- **DATASET RECORDS**:
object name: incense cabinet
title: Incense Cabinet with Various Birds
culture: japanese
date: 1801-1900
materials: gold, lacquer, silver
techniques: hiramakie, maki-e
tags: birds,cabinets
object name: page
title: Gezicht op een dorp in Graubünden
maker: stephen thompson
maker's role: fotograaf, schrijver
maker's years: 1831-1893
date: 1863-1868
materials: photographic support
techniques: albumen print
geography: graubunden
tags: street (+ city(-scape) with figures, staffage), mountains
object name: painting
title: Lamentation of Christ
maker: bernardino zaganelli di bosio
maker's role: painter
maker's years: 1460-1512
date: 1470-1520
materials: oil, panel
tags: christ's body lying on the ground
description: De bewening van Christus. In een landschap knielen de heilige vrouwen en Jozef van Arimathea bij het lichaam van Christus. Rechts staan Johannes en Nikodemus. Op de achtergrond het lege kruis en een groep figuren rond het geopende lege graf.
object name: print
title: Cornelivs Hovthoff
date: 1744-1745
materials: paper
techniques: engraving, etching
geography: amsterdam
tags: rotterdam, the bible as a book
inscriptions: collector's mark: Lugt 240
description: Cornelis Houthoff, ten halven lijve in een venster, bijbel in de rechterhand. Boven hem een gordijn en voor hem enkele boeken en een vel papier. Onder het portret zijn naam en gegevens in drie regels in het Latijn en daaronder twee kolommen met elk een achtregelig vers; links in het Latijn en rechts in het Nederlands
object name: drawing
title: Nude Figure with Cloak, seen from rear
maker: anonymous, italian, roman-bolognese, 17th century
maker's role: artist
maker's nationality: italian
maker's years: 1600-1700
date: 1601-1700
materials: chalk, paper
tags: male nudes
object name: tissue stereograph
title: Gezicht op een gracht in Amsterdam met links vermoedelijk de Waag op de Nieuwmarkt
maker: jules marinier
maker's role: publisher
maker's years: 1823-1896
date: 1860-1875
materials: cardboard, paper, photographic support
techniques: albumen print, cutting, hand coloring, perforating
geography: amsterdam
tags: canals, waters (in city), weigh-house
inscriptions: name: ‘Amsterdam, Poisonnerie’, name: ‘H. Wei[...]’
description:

- **TO DO**: Write out, word for word, the line containing "inscriptions: collector's mark: Lugt 240" and all the lines after it in the entries above, and nothing more.

- **THE ANSWER**:
inscriptions: collector's mark: Lugt 240
description: Cornelis Houthoff, ten halven lijve in een venster, bijbel in de rechterhand. Boven hem een gordijn en voor hem enkele boeken en een vel papier. Onder het portret zijn naam en gegevens in drie regels in het Latijn en daaronder twee kolommen met elk een achtregelig vers; links in het Latijn en rechts in het Nederlands
object name: drawing
title: Nude Figure with Cloak, seen from rear
maker: anonymous, italian, roman-bolognese, 17th century
maker's role: artist
maker's nationality: italian
maker's years: 1600-1700
date: 1601-1700
materials: chalk, paper
tags: male nudes
object name: tissue stereograph
title: Gezicht op een gracht in Amsterdam met links vermoedelijk de Waag op de Nieuwmarkt
maker: jules marinier
maker's role: publisher
maker's years: 1823-1896
date: 1860-1875
materials: cardboard, paper, photographic support
techniques: albumen print, cutting, hand coloring, perforating
geography: amsterdam
tags: canals, waters (in city), weigh-house
inscriptions: name: ‘Amsterdam, Poisonnerie’, name: ‘H. Wei[...]’
description:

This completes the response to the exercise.